Description of the task:
Could you retype the records below exactly as they appear, skipping any pictures?

*** Opening of Records for the exercise ***

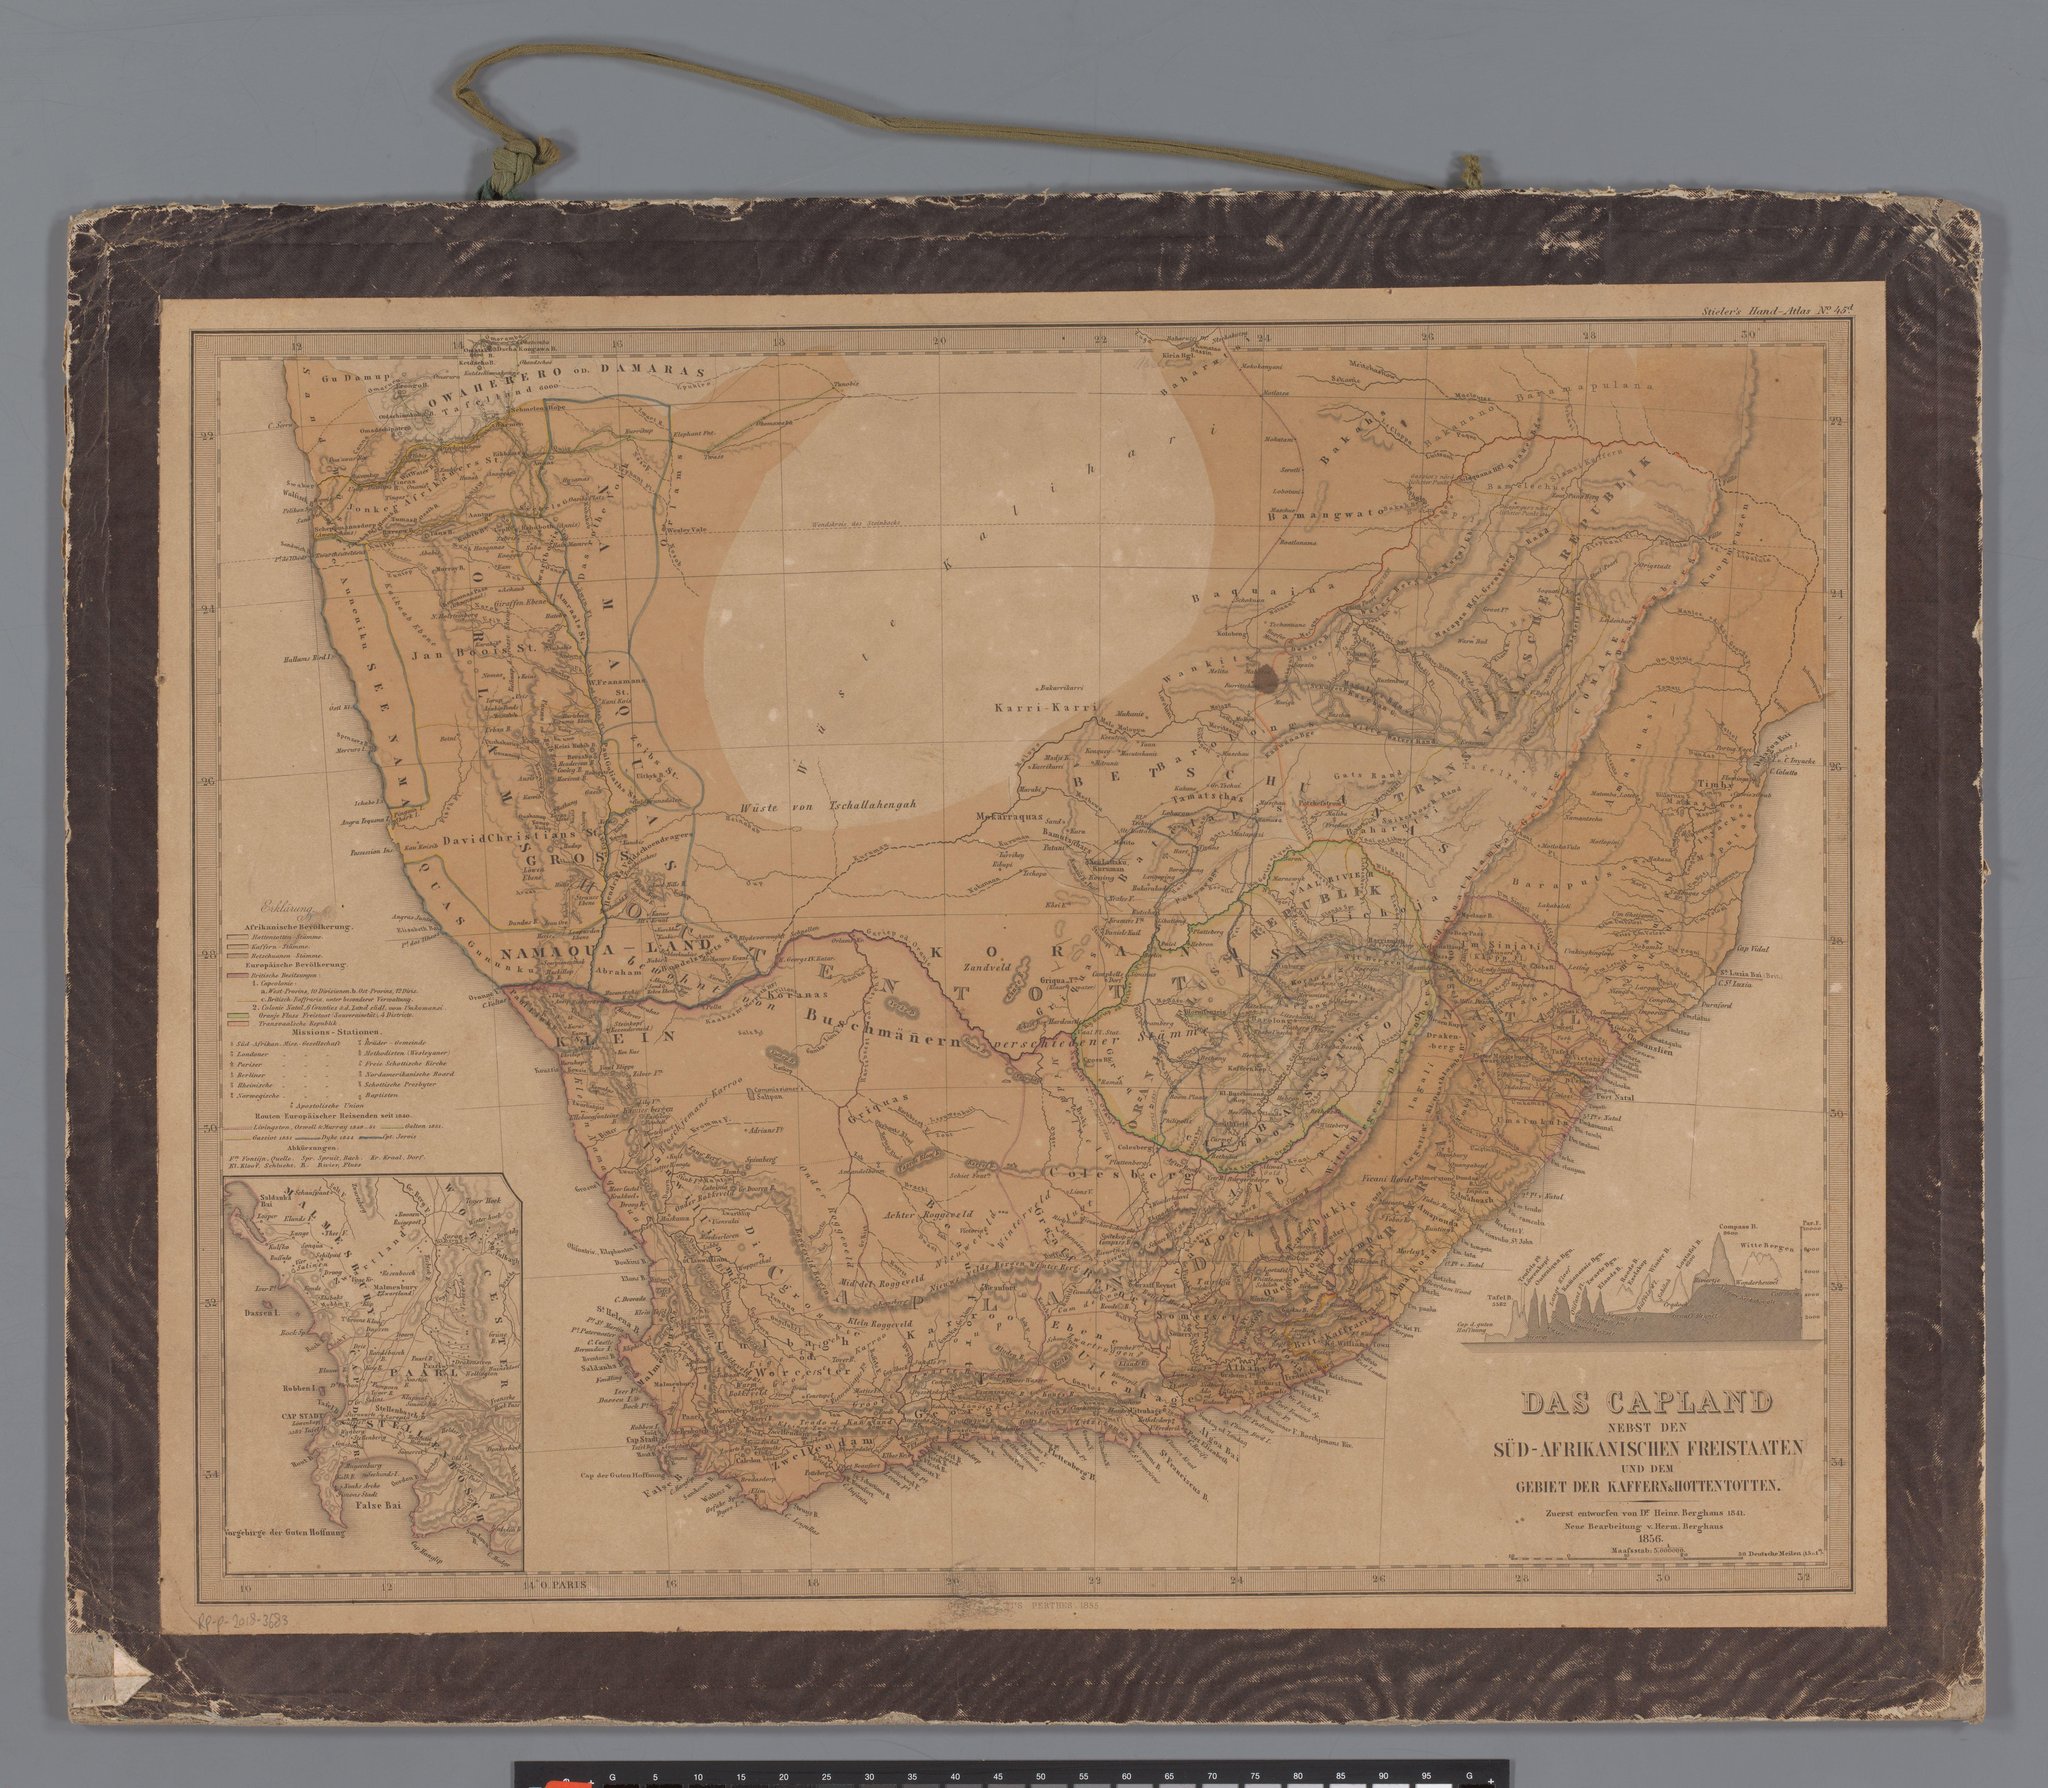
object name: print
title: Das Capland nebst den Süd-Afrikanischen Freistaaten
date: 1841
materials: cardboard, paper
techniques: engraving, etching, hand coloring
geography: gotha
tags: (map of) africa, maps, atlases
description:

*** Close of Records for the exercise ***

Solution for this problem:
object name: print
title: Das Capland nebst den Süd-Afrikanischen Freistaaten
date: 1841
materials: cardboard, paper
techniques: engraving, etching, hand coloring
geography: gotha
tags: (map of) africa, maps, atlases
description:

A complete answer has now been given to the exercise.